ECONOMYNEXT – Prices of Sri Lankan tea have been sliding despite their reputation for quality, owing to increased volume and comparatively less demand with big buyers shifting to cheaper alternatives, a plantations industry official said.
“No country can match our quality standards in orthodox tea,” said Lalith Obeysekere, Secretary General of the Planters’ Association, which represents regional plantations companies (RPCs).
The high quality means prices tend to be higher than at auctions in other tea exporting countries.
The cumulative Colombo auction average for January-May 2019 is down 41.64 rupees or almost seven percent to 574.90 rupees a kilo, from 616.54 rupees fetched in January-May 2018.
Obeysekere said prices were not coming down because the tea bushes are old.
“Age of tea bushes has nothing to do with quality,” he told EconomyNext. “Old tea has the best possible quality.”
The answer is in pruning, which is done in plantations regularly, he said.
“During the latter stages of the pruning cycle comes what’s called the ‘banji’ formation on the plucking table; that is when your tea bush is not in a productive stage and could have an impact on quality,” Obeysekere said.
A premium quality tea shoot consists of two leaves and a bud which makes an ideal cup of tea.
Obeysekere said tea producers had to cope with political and economic uncertainties in key markets as well as other economic impacts like inflation which has pushed production cost up.
“About 60 percent of our produce is shipped to and through North Africa to the Middle East, and problems which arise over there has had a severe impact on the Colombo auction price,” he said.

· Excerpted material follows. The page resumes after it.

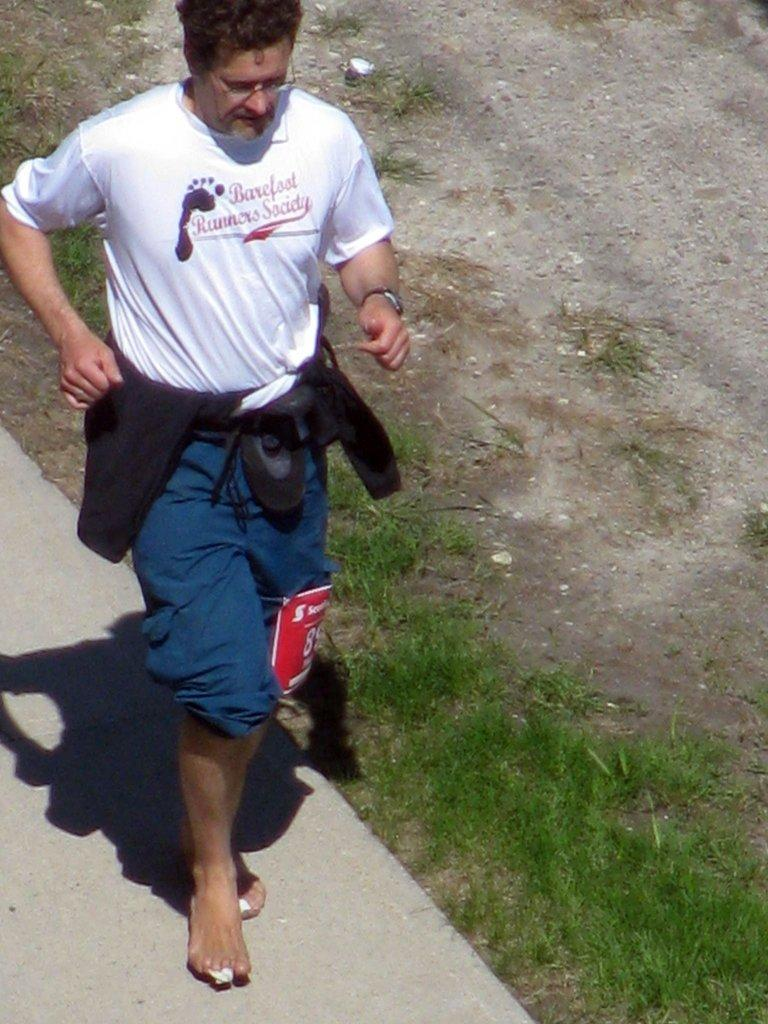Who is present in the image? There is a man in the image. What is the man wearing on his face? The man is wearing glasses. What is attached to the man's knee? There is a text paper tied to the man's knee. What type of vegetation can be seen in the background of the image? There is grass in the background of the image. What can be seen on the ground in the background of the image? The ground is visible in the background of the image. What architectural feature is present in the background of the image? There is a path in the background of the image. What type of yarn is wrapped around the flower in the image? There is no yarn or flower present in the image. 
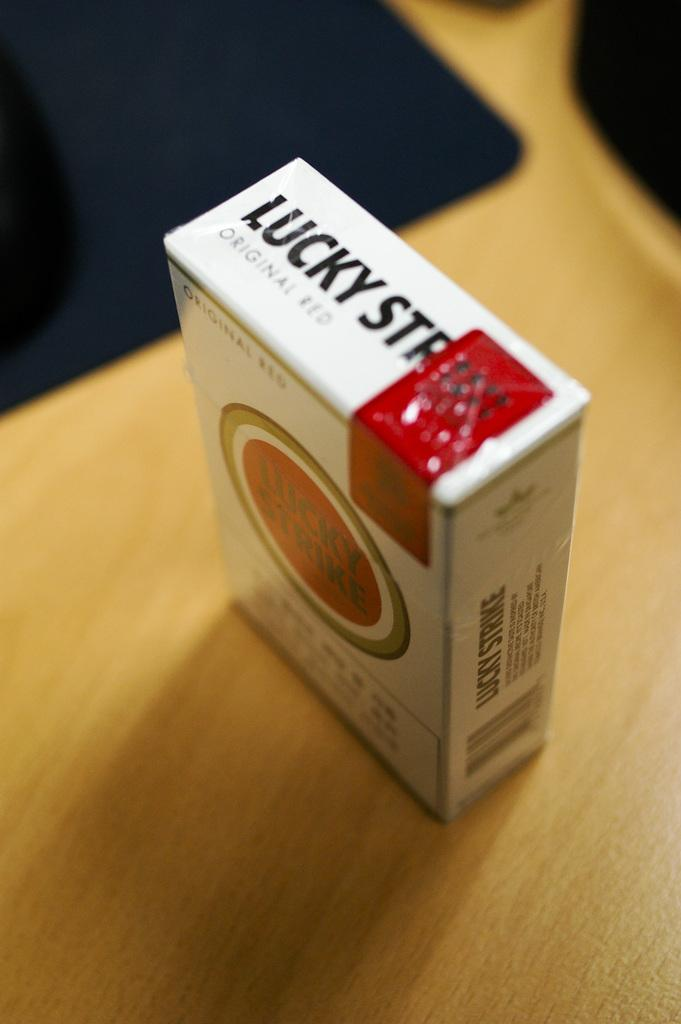Provide a one-sentence caption for the provided image. The pack of cigarette on the counter is a pack of Luck Strikes Original Red.

“For an instance, the sanctions imposed on Iran, Iraq and Egypt affected us badly because imposition of such sanctions is the worst thing that can happen to a commodity.”
To counter this situation, the Tea Board has come up with a massive promotion campaign about to be launched world-wide.
And big buyers are shifting to cheaper alternatives like Kenya and India.
“Sri Lanka is currently losing international markets like Egypt and Pakistan mainly because importers buy tea which has more cuppage - number of cups which could be produced; ideally CTC teas - whereas we specialize in orthodox teas,” Obeysekere said.
Sri Lanka’s cost of production is very high owing to the contracting labor force working in estates.
“We had 350,000 workers back in the day and now we are down to 130,000 workers,” Obeysekere said.
Since the next generation of estate workers’ receive good education, it is unlikely many of them will take up their parents’ line of work.
Also, with apparel and other industries more popular, a sector-wise transition among laborers has left the tea industry with less than half of its former workforce.
Hence, tea factories have to cope with rising costs of production.
“We are looking for possible solutions to this issue like mechanization of plucking, which still is not the ideal solution as the terrain of our plantations is not ideally suited for such mechanization.”